*Work task*.
Below are lines of data, and only some are wanted. Please repeat exactly those from the line that has "Camera HFOV: 60.3" through the line that has "19. pedestrian (0, 609, 24, 660)".

*Records for processing*.
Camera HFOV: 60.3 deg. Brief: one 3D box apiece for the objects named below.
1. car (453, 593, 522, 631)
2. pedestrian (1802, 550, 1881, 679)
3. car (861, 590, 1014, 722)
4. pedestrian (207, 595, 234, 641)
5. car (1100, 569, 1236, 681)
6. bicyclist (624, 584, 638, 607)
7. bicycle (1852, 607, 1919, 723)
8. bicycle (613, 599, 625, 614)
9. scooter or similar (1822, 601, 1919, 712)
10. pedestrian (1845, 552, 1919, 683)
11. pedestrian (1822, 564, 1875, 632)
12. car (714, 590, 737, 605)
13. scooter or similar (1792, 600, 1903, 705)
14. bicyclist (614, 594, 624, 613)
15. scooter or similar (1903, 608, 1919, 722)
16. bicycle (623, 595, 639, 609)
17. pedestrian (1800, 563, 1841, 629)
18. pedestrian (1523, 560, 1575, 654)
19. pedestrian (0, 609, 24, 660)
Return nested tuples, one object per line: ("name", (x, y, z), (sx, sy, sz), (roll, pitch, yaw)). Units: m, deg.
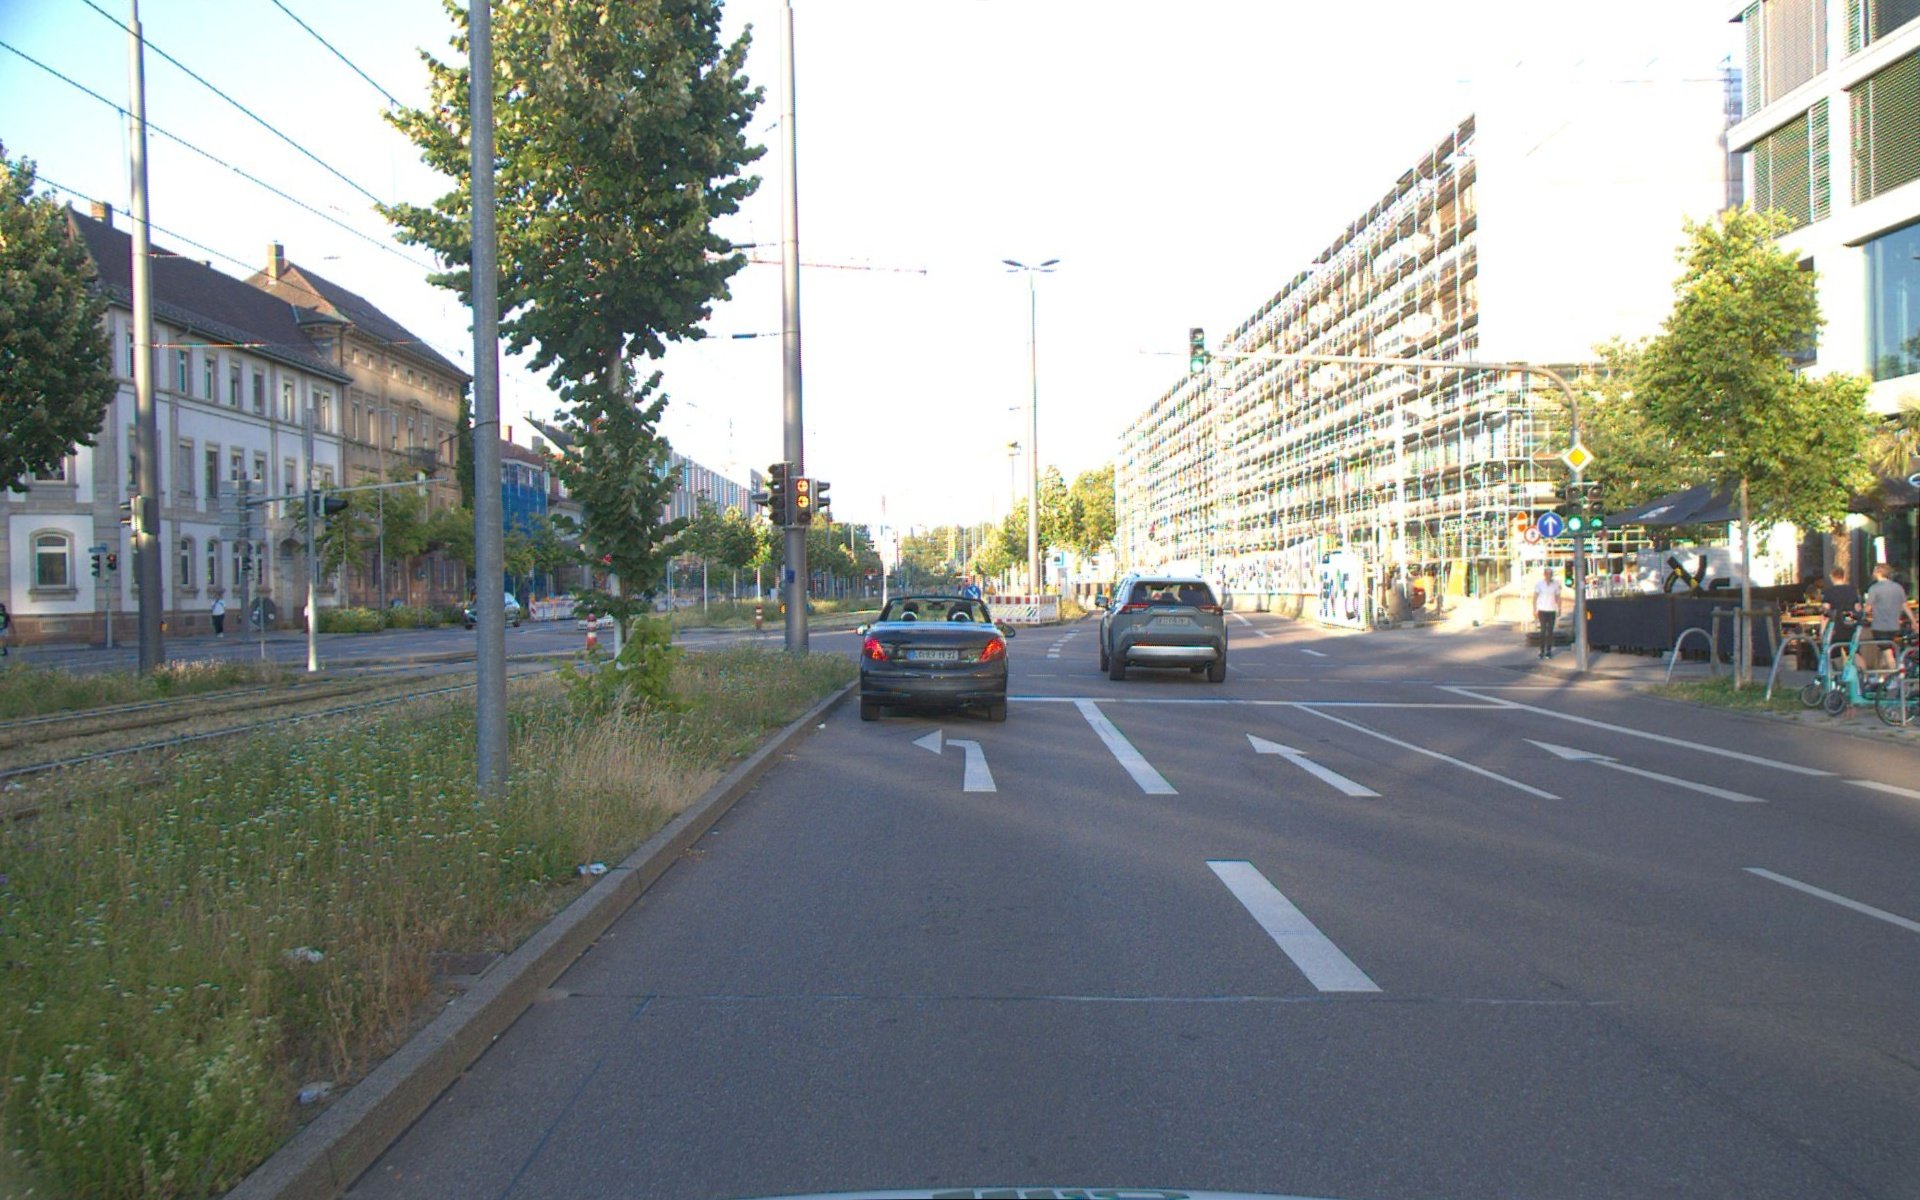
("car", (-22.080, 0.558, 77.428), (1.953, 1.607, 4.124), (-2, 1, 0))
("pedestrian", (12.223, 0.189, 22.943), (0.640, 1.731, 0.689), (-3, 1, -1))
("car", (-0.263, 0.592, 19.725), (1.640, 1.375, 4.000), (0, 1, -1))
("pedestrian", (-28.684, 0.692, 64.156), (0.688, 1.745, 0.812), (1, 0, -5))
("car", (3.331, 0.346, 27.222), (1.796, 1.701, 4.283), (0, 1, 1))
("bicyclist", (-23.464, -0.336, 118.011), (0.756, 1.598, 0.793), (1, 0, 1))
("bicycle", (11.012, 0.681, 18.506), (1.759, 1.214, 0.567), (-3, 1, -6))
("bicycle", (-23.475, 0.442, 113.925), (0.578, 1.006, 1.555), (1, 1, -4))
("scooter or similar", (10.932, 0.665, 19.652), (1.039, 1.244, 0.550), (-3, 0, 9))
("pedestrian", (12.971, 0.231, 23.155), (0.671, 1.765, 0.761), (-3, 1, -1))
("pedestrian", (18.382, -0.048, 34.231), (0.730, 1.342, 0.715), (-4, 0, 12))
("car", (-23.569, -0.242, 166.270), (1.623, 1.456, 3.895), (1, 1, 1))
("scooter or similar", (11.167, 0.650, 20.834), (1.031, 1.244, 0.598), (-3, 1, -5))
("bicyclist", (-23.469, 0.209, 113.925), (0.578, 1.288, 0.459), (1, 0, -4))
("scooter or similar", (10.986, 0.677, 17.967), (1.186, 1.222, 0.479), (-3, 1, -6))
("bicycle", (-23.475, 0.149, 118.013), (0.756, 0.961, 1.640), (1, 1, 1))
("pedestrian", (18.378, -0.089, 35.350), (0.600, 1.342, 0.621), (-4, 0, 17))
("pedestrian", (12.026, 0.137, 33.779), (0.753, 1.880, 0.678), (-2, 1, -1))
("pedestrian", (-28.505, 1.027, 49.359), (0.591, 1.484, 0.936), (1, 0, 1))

--

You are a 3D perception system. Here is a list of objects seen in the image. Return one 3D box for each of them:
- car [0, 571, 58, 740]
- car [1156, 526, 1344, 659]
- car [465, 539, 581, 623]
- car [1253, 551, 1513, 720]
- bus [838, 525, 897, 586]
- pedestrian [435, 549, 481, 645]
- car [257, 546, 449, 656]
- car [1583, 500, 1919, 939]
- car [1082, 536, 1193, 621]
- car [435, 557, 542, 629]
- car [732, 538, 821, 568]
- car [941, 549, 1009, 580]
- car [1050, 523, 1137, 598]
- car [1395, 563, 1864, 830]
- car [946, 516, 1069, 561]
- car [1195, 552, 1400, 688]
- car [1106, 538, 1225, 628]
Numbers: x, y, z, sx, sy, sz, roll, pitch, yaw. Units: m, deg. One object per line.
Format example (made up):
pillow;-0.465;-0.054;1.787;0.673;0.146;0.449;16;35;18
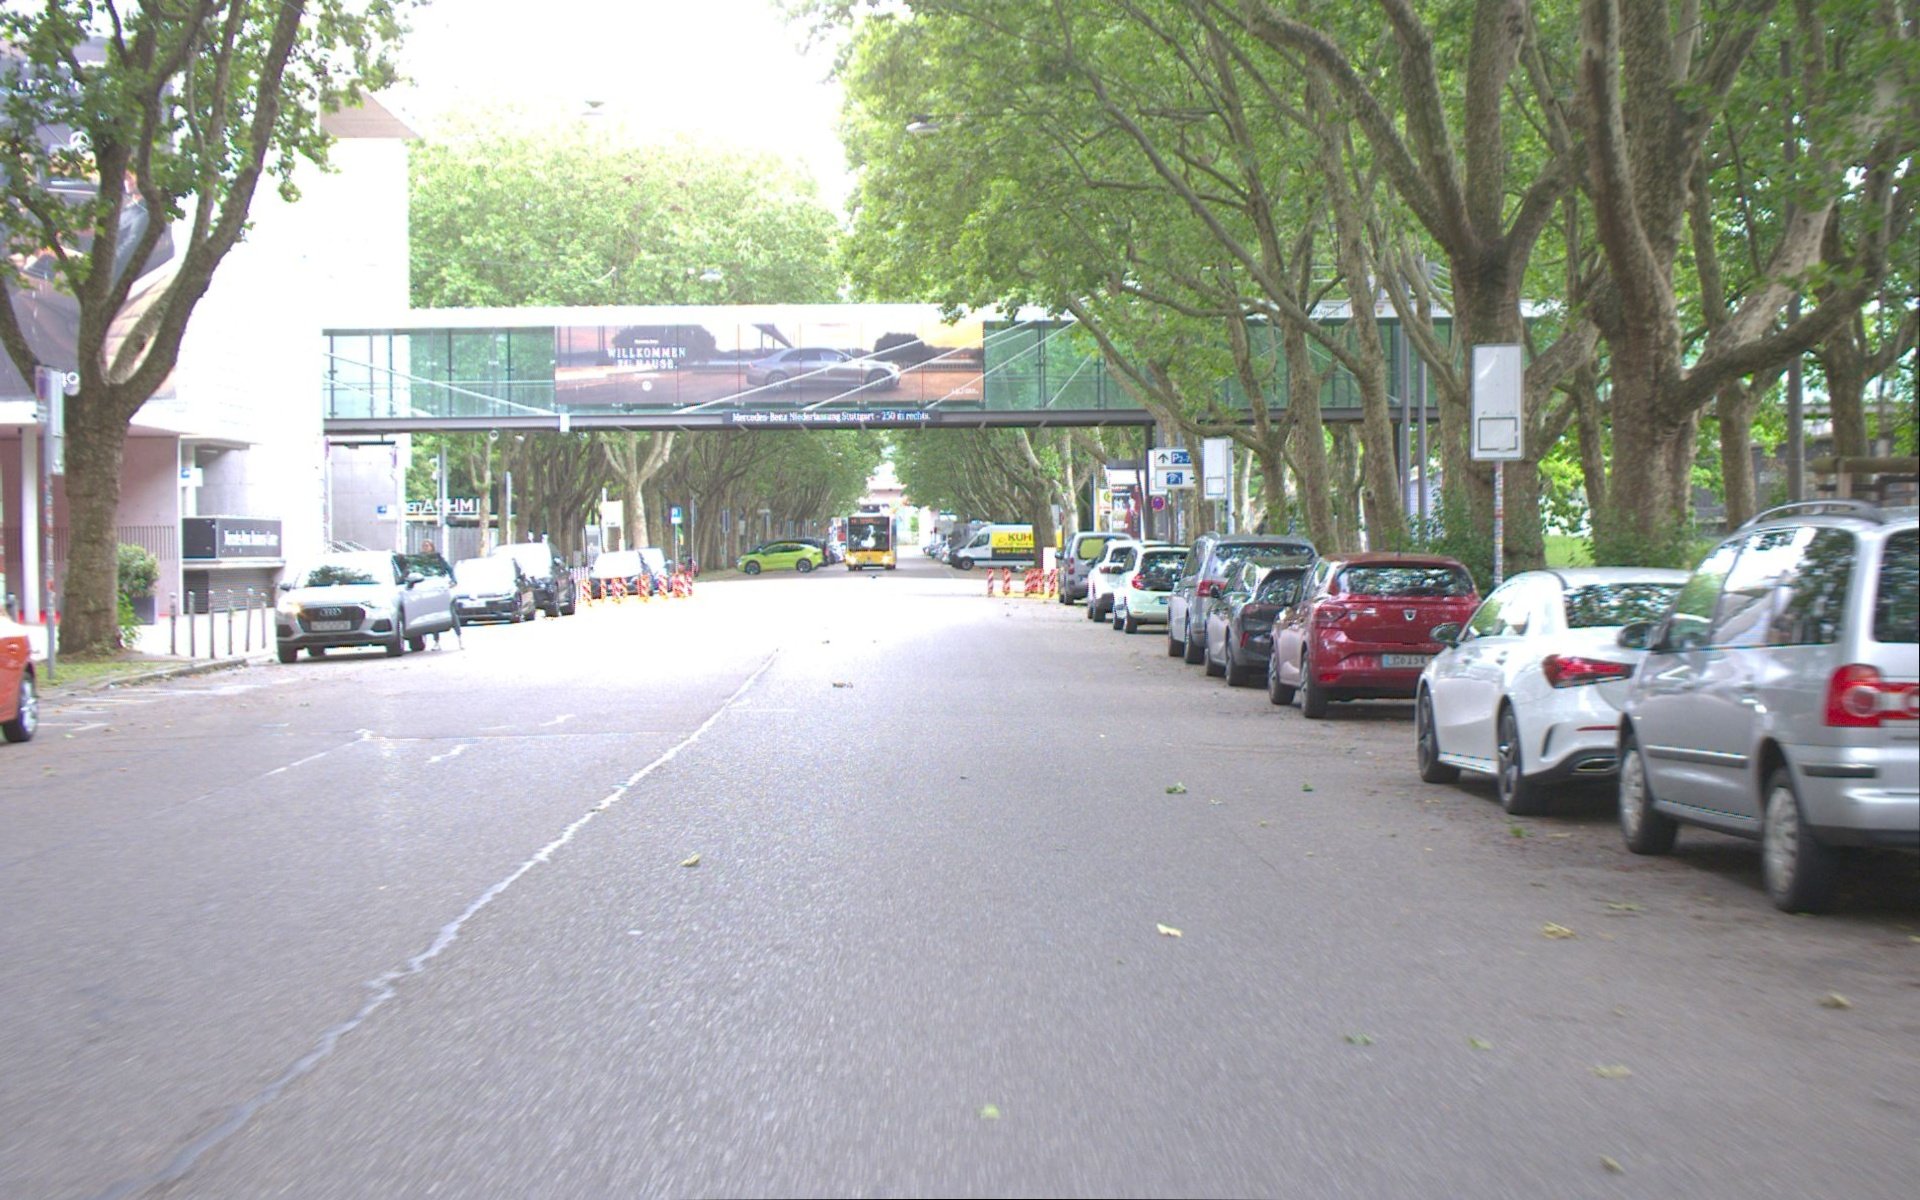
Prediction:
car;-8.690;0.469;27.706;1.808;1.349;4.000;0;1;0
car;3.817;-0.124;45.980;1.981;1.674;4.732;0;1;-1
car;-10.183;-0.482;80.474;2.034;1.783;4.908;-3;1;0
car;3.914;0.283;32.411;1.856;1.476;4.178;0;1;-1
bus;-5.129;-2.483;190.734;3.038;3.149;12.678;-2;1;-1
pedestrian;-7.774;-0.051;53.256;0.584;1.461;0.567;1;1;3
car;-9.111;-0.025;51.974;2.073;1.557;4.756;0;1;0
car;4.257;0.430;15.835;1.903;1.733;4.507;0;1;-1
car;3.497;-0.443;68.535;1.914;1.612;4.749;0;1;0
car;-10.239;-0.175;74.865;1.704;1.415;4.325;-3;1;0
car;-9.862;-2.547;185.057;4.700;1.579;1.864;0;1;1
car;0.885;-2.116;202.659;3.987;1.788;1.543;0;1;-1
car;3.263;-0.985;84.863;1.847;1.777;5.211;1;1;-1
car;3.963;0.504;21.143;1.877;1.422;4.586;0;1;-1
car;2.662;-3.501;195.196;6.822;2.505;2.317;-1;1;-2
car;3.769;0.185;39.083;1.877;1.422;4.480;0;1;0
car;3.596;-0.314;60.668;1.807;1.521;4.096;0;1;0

*Task solution*.
Camera HFOV: 60.3 deg. Brief: one 3D box apiece for the objects named below.
1. car (453, 593, 522, 631)
2. pedestrian (1802, 550, 1881, 679)
3. car (861, 590, 1014, 722)
4. pedestrian (207, 595, 234, 641)
5. car (1100, 569, 1236, 681)
6. bicyclist (624, 584, 638, 607)
7. bicycle (1852, 607, 1919, 723)
8. bicycle (613, 599, 625, 614)
9. scooter or similar (1822, 601, 1919, 712)
10. pedestrian (1845, 552, 1919, 683)
11. pedestrian (1822, 564, 1875, 632)
12. car (714, 590, 737, 605)
13. scooter or similar (1792, 600, 1903, 705)
14. bicyclist (614, 594, 624, 613)
15. scooter or similar (1903, 608, 1919, 722)
16. bicycle (623, 595, 639, 609)
17. pedestrian (1800, 563, 1841, 629)
18. pedestrian (1523, 560, 1575, 654)
19. pedestrian (0, 609, 24, 660)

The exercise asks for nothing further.